1. the Fifth Generation Project (https://en.wikipedia.org/wiki/Fifth_generation_computer) was 1980s officially ending in 1992, not 'late 1990s' (during the Dot-com bubble?!); 2. the Lisp bubble didn't pop because of a failed DoD piloting project, it popped because of the first AI Winter + commodity SPARC/x86 pressure + recession (https://en.wikipedia.org/wiki/Lisp_machine) (and I don't recall DARPA instituting any policy like 'no AI', just stopping subsidizing Symbolics and later Connection Machine); 3. the Club of Rome report couldn't've killed its modeling language because it only really acquired its present ill repute by the 1990s, the implementation language Modelica (https://en.wikipedia.org/wiki/Modelica) didn't die (last release: April 2017) and is still in industrial use which is more than almost all languages from the 1960s-1970s can say, and even the World3 model (https://en.wikipedia.org/wiki/World3) analyzed in the report continued development for decades; 4. the Oxford paper (https://www.fhi.ox.ac.uk/wp-content/uploads/The-Future-of-Em...) doesn't make precise forecasts for when any automation may happen (merely saying "associated occupations are potentially automatable over some unspecified number of years, perhaps a decade or two"); 5. the GPU server comparison is really weird as computers have almost always cost more than humans and only relatively recently do any computers' hourly costs fall below minimum wage; and 6. the Dartmouth description is wrong, the conference merely proposed (http://www-formal.stanford.edu/jmc/history/dartmouth/dartmou...) that meaningful progress could be made by 10 researchers, not grad students ("We propose that a 2 month, 10 man study of artificial intelligence be carried out during the summer of 1956 at Dartmouth College...We think that a significant advance can be made in one or more of these problems if a carefully selected group of scientists work on it together for a summer.")
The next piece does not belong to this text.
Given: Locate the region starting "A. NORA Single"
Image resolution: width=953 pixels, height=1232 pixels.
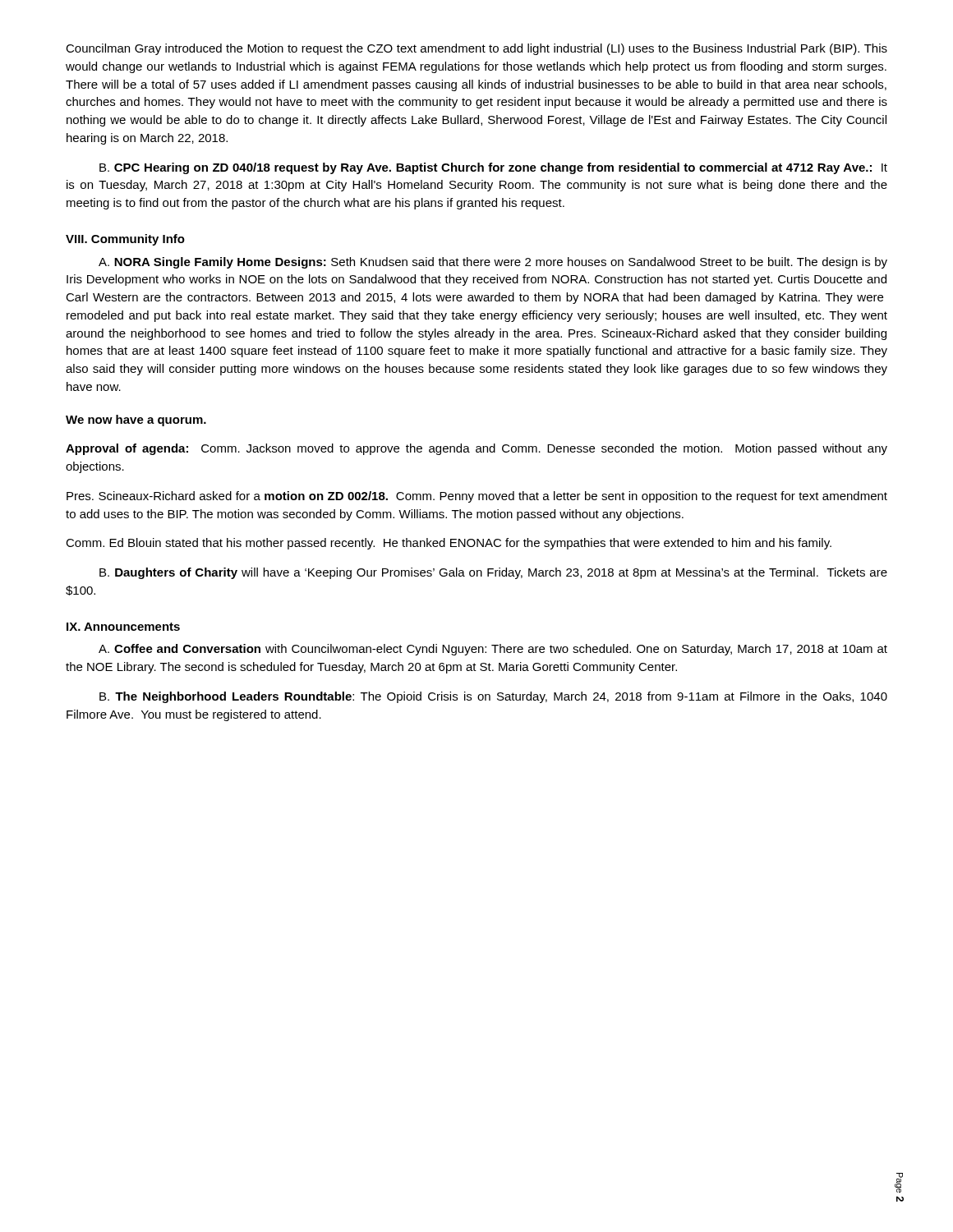Looking at the screenshot, I should coord(476,324).

Also, come on dude, Keras isn't hard to use - it's not even comparable to Tensorflow. But at least he didn't tell the tank story.

2 comments

Here's another factual error: Data science is from the 1960s, and was used first in a paper published by Peter Naur in 1974: https://en.wikipedia.org/wiki/Data_science
Data science is actually statistics, which goes quite a bit further than the 1960s. In fact, today's data scientists love to quote Box and Fischer.

Data science and data mining are victories of marketing over common sense.
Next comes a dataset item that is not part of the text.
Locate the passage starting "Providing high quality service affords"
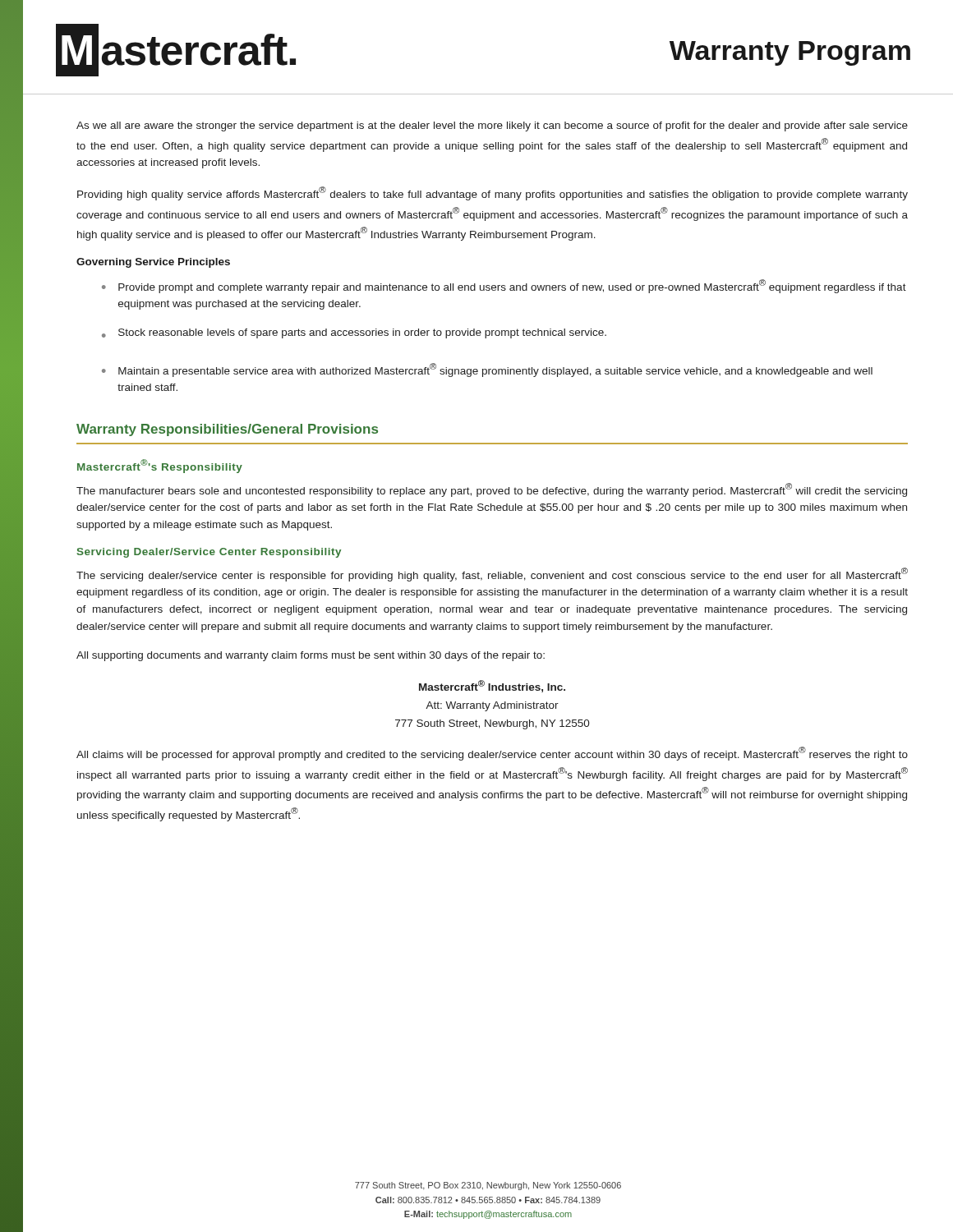The image size is (953, 1232). pyautogui.click(x=492, y=213)

Sorry, I meant that in the sense of the origin of the term. But yes, DS is mostly just another word for statistics. About as pointless as the term AI has become.
And there's more where he's plain wrong, like Aluminium.

Despite all that a great antidote to the overhype that I see most days.

I did notice that one, but aluminum is kind of a complex topic (https://en.wikipedia.org/wiki/Aluminium#Synthesis_of_metal): the early cost was both the chemical processing and the low ore content, and one could charitably read him as referring to discovering bauxite and the electrolysis method, and then he's certainly right about the cost of electricity coming down drastically and making aluminum even cheaper. So not clearly wrong IMO, given that it's an extemporaneous interview.